Results from this second phase 3 confirmatory pivotal trial together with the already-completed first phase 3 pivotal trial are expected to support Glaukos’ anticipated NDA submission for Epioxa by the end of 2024.
As a reminder, the FDA has confirmed Glaukos’ first phase 3 pivotal trial for Epioxa, which met the pre-specified primary efficacy endpoint, would be adequate to support the submission and review of an eventual NDA, in conjunction with this second phase 3 trial.
Glaukos recently completed a successful clinical pre-NDA meeting with the U.S. FDA regarding Epioxa as a novel treatment for keratoconus.
The purpose of the meeting was to obtain agreement from the FDA on the content of the proposed NDA, and in particular, to confirm that the company’s clinical data package, including the two completed phase 3 pivotal studies, would be sufficient to support an NDA submission and review. As an outcome of this pre-NDA meeting, the FDA agreed that the proposed clinical data package is sufficient to support an NDA submission and review.
Glaukos’ corneal cross-linking iLink therapies use proprietary, bio-activated, single-use drug formulations to strengthen corneal tissue and halt progression of keratoconus.

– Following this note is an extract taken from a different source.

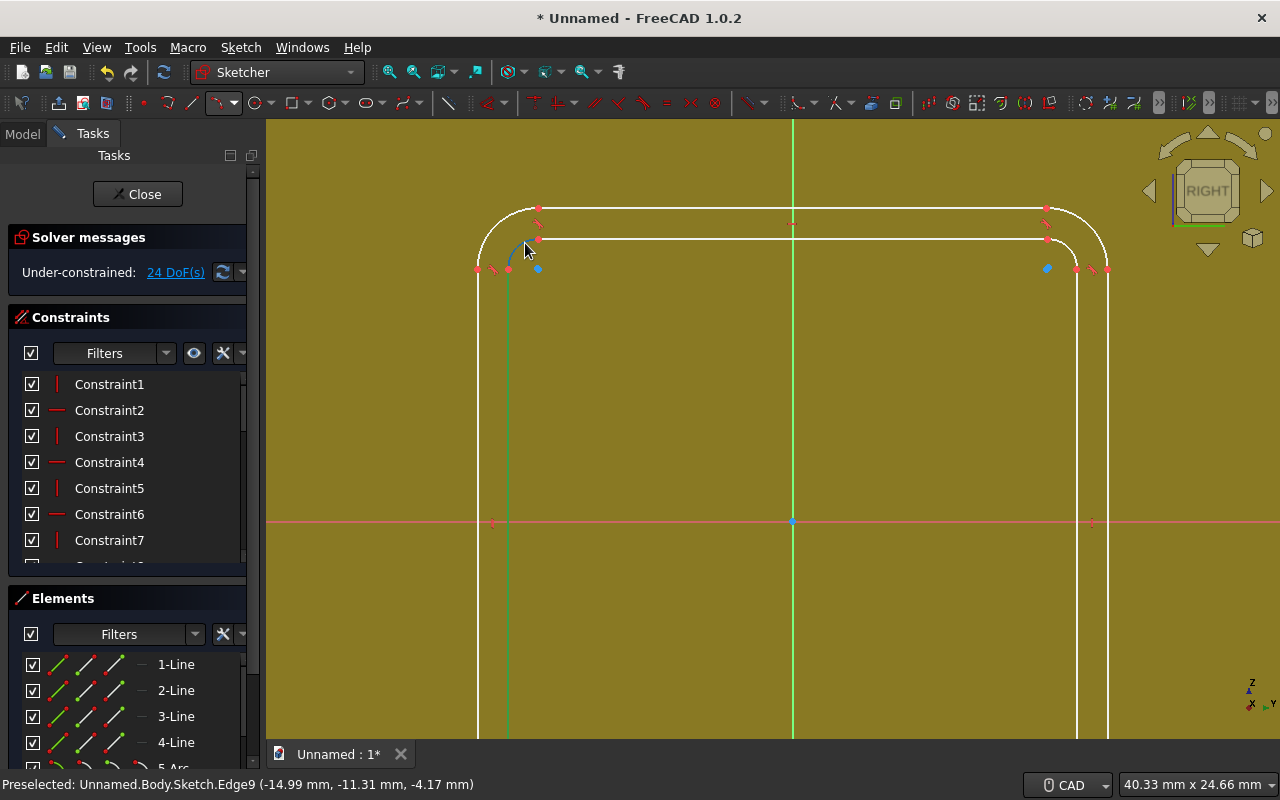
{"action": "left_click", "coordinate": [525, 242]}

Typically diagnosed in a patient’s teenage years, keratoconus is a debilitating eye condition characterized by progressive thinning and weakening of the cornea. If left untreated, keratoconus can lead to loss of vision and even blindness and is one of the leading causes of corneal transplant (penetrating keratoplasty) in the United States. Approximately 90% of cases of keratoconus are bilateral and as many as 20% of patients ultimately require a corneal transplant.
Conventional keratoconus treatments such as eyeglasses or contact lenses address symptoms but Glaukos’ first-generation iLink therapy, known as Photrexa, or Epi-off, is the first and only FDA-approved therapy that has been shown to slow or halt disease progression. There are more than 300 peer-reviewed publications supporting the performance and safety of Glaukos’ iLink therapy.

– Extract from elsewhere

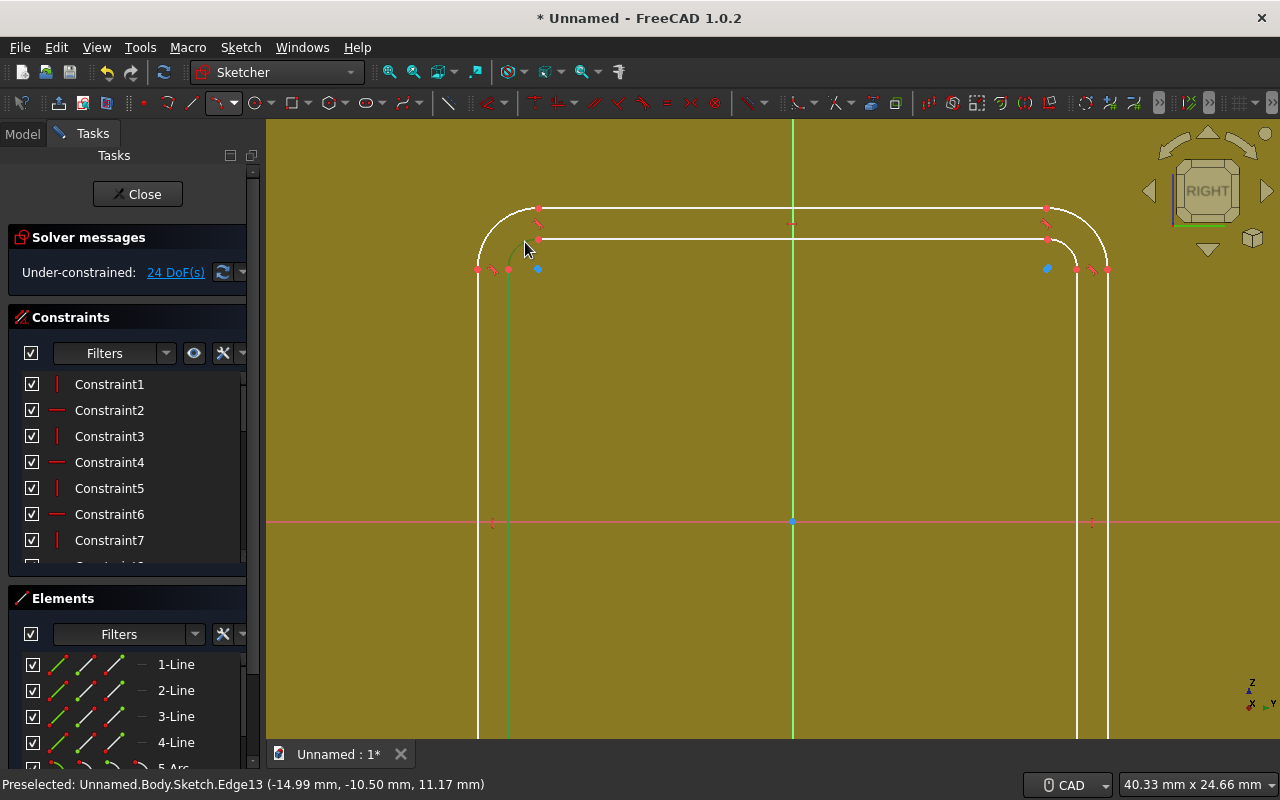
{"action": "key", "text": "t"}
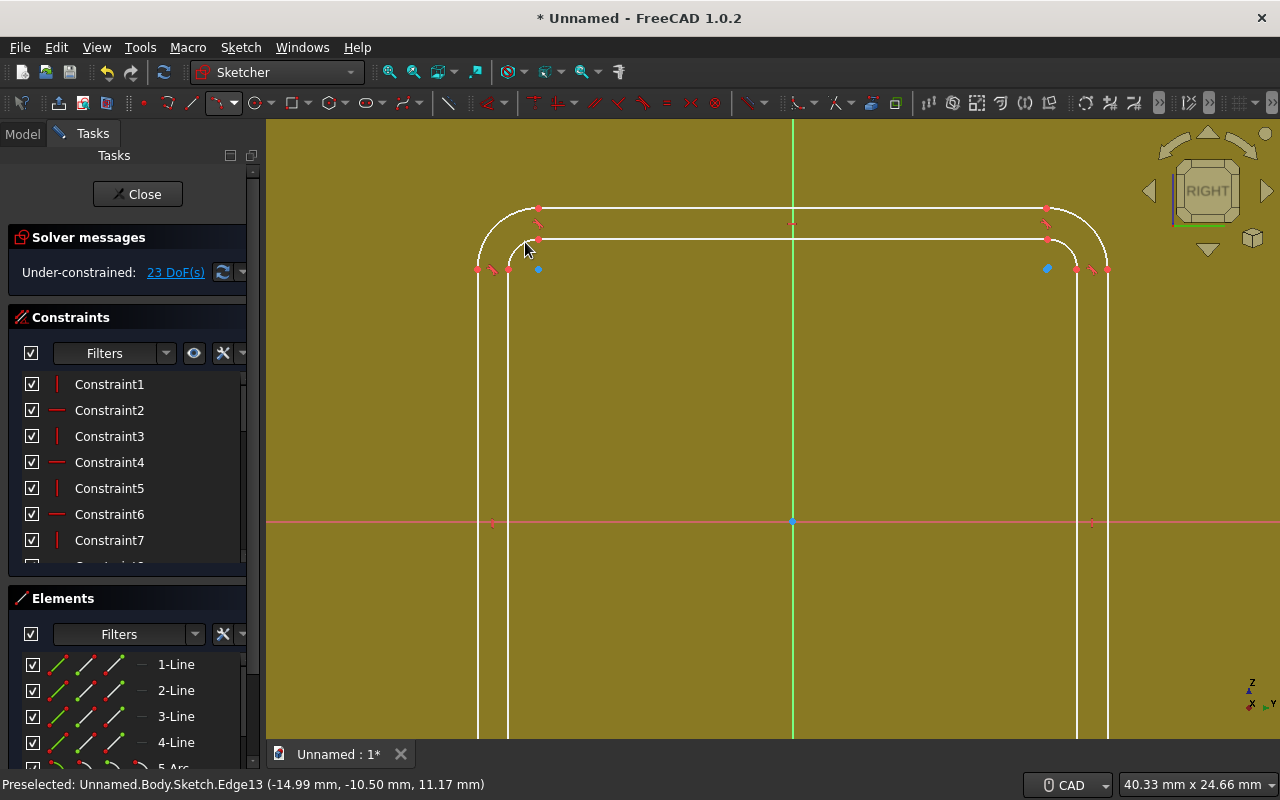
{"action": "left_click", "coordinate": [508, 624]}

Epioxa, which is designed to preserve the corneal epithelium, reduce procedure times, improve patient comfort and shorten recovery time, utilizes a proprietary, novel drug formulation designed to penetrate the epithelial layer of the cornea, a stronger UV-A irradiation protocol and the ability to deliver increased levels of supplemental oxygen to enhance cross-linking.
If approved, the company anticipates Epioxa would be the first FDA-approved, non-invasive corneal cross-linking therapy that does not require removal of the corneal epithelium, the outermost layer of the front of the eye.